Law and Conversation

August 23, 2010

Read This!

Mondays are now Read This! days on which I’ll write about books that I really, really want everyone in the world to read.  With so many great books in the world, I can’t imagine ever running out of material!

Spanish writer Carmen Laforet had a huge success at the age of 23 with her first novel, “Nada,” becoming the first winner of the Premio Eugenio Nadal for her book in 1944.  Her chief protagonist, Andrea, leaves her village to go to the big city for university:  Barcelona, as Laforet herself did.  There, she lives with her extended and remarkably dysfunctional family of aunts, uncles, and her demented grandmother.  Professor Estrella Cibreiro of the College of the Holy Cross in Worcester, MA has a scholarly analysis of the novel here.

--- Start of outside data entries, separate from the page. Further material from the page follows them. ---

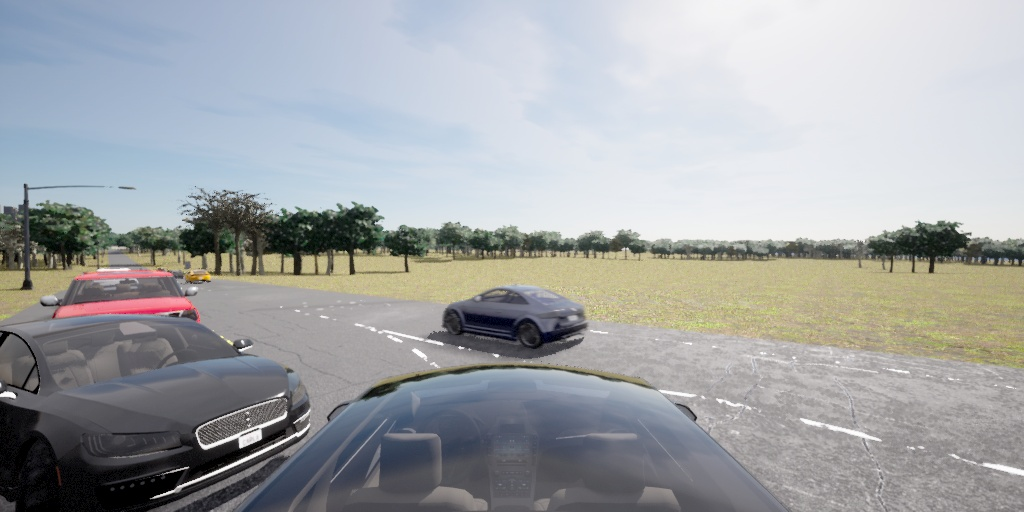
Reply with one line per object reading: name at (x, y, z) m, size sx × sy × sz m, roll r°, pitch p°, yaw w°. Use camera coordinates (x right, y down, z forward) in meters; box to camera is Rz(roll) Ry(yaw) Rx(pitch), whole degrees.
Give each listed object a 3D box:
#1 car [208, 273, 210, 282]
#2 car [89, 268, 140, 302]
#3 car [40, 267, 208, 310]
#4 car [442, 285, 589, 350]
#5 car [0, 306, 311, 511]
car at (-38.645, 2.475, 44.045) m, size 5.008 × 1.535 × 1.882 m, roll -2°, pitch 0°, yaw 42°
car at (-27.748, 1.884, 25.037) m, size 5.566 × 2.045 × 2.150 m, roll -2°, pitch 0°, yaw 42°
car at (-9.366, 1.384, 8.720) m, size 5.566 × 2.045 × 2.150 m, roll -2°, pitch 0°, yaw 42°
car at (-0.047, 1.499, 9.826) m, size 4.181 × 1.385 × 1.994 m, roll -2°, pitch -1°, yaw 41°
car at (-4.513, 1.444, 4.013) m, size 4.892 × 1.490 × 1.837 m, roll -3°, pitch -3°, yaw 22°

“Nada” is a great, fun read in Spanish and, happily, was translated into English a couple of years ago by Edith Grossman, successor to Gregory Rabassa as the preeminent Spanish-English translator.  Grossman wrote a book on translation, “Why Translation Matters,” after landing and completing an assignment to translate Cervantes’s “Don Quijote” into English.

Laforet is another writer who studied law; she dropped out of law school to write “Nada.”  Though she did write a few other books and short stories, Spanish literati sometimes joke that “after ‘Nada,’ she wrote nada.”

A complete list of the winners of the Premio Eugenio Nadal is here.

What book would you like to tell everyone in the world to read?